Abstract: Optical Coherence Tomography (OCT) has greatly advanced the diagnosis and management of many retinal diseases by enabling volumetric structural imaging of the retina. Usually, retinal OCT is performed at near- infrared (NIR) wavelengths, limiting both axial resolution and contrast for molecules that play a role in vision. Though NIR OCT defines biomarkers that quantify progression of dry age-related macular degeneration (AMD), NIR OCT cannot yet delineate the finest structural and functional changes that define incipient AMD, or predict geographic atrophy, an end stage of AMD. Visible light OCT holds the promise of unprecedented axial resolution and molecular contrast, but visible light OCT systems to date have not delivered on this promise. Recently, our group identified numerous technical barriers, some unknown to the community, in visible light OCT. With our innovative solutions, we can now directly image and individually quantify Bruch’s membrane, the retinal pigment epithelium (RPE), and fine photoreceptor layers in morphologically normal retina without clinically detectable pathology, at a level of detail not attained by NIR OCT systems. These imaging capabilities are further enhanced by quantitative molecular information provided by visible light. In this proposal, we will develop fiber-based visible light OCT instrumentation and protocols to assess sub-micron changes with aging and macular degeneration in human eyes. Employing a range of in vitro and in vivo studies in rodents and humans, we propose to validate protocols that topographically measure the outer retina, RPE, and BM morphology, photopigment and melanin density, and photoreceptor function. We will validate and test the reproducibility of these structural and functional measurements, and apply them to study age-related changes in a cross-section of normal subjects. Finally, we will perform pilot clinical imaging studies to firstly, compare aging to early AMD, and secondly, identify candidate early biomarkers for progression of drusen to atrophy. If successful, this proposal will lay the groundwork for more extended longitudinal studies to study AMD progression in the human retina, and incorporation of new biomarkers into clinical trials.
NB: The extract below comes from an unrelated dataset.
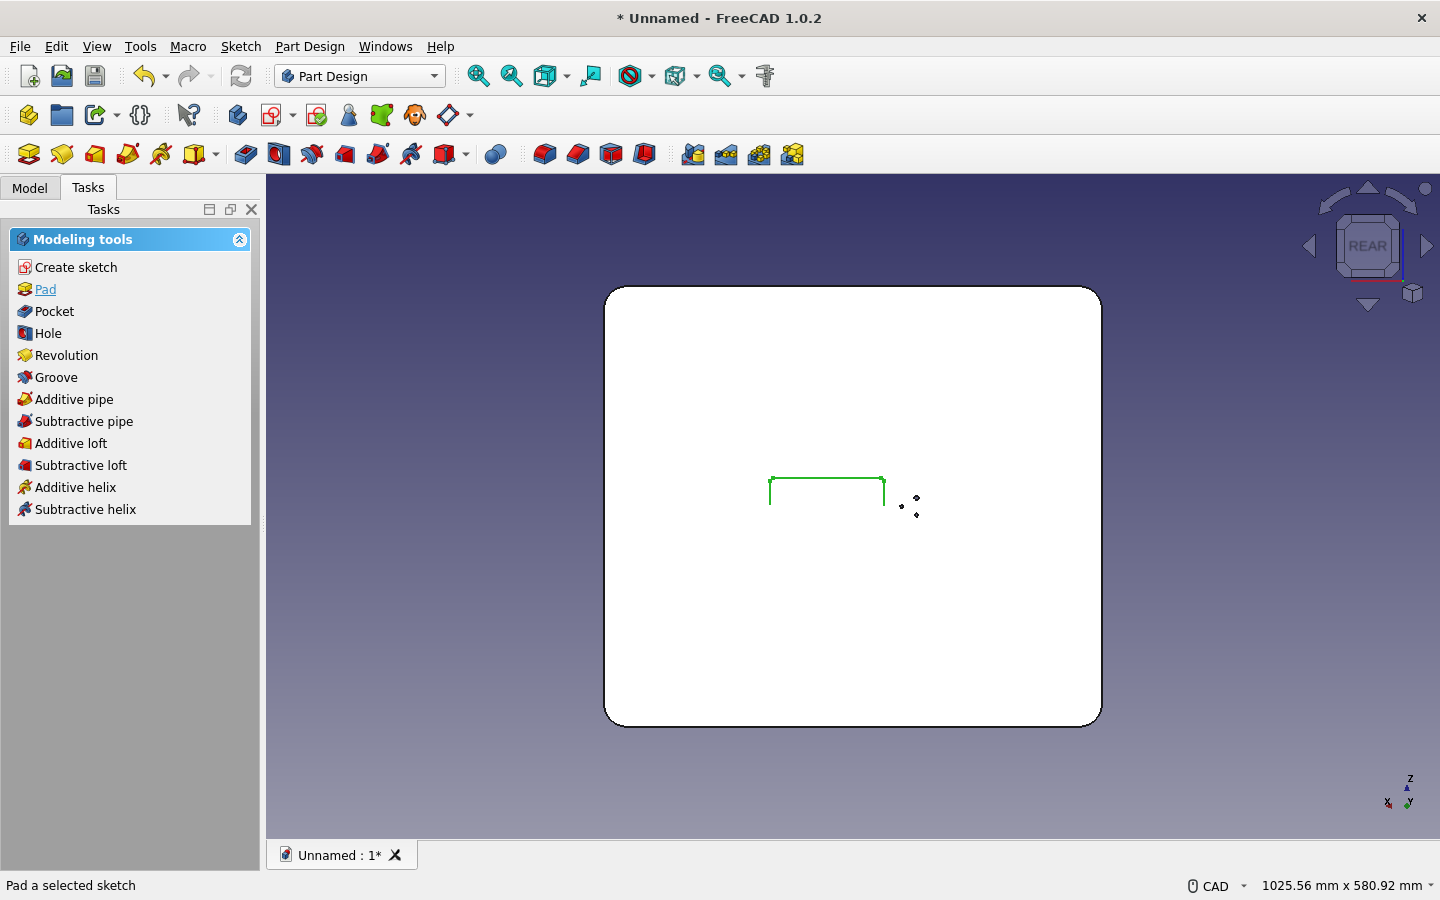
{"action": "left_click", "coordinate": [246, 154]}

抽象的： 光学相干断层扫描（OCT）大大提高了许多视网膜的诊断和管理 通过启用视网膜的体积结构成像来疾病。通常，视网膜OCT在接近 红外（NIR）波长，限制了在视觉中发挥作用的分子的轴向分辨率和对比度。 尽管NIR OCT定义了量化干燥年龄相关黄斑变性（AMD）进展的生物标志物，但 NIR OCT还不能描述定义初期AMD或预测的最佳结构和功能变化 地理萎缩，AMD的结束阶段。可见光OCT具有前所未有的轴向分辨率的承诺 和分子对比，但迄今为止可见的光OCT系统尚未在这一承诺上传递。 最近，我们的小组在可见光的OCT中确定了许多技术障碍，有些是社区未知的。 有了我们的创新解决方案，我们现在可以直接形象并单独量化Bruch的膜，其余的 颜料上皮（RPE）和形态正常视网膜中的细光感受器层，没有临床 可检测的病理学，在NIR OCT系统未附加的细节上。这些成像功能是 通过可见光提供的定量分子信息进一步增强。 在此提案中，我们将开发基于光纤的可见光OCT仪器和协议来评估子微调 随着人眼中的衰老和黄斑变性的变化。采用一系列体外和体内研究 在啮齿动物和人类中，我们建议验证在地形上测量外部视网膜RPE的方案 以及BM形态，光化和黑色素密度以及光感受器功能。我们将验证和测试 这些结构和功能测量的可重复性，并将其应用于研究与年龄相关的变化 在正常受试者的横截面中。最后，我们将进行试验临床成像研究，首先进行比较 衰老到早期的AMD，其次，确定候选早期生物标志物，以使drusen向萎缩发展。如果 成功，该提案将为更广泛的纵向研究奠定基础，以研究AMD 人类视网膜和新生物标志物的行业发展为临床试验。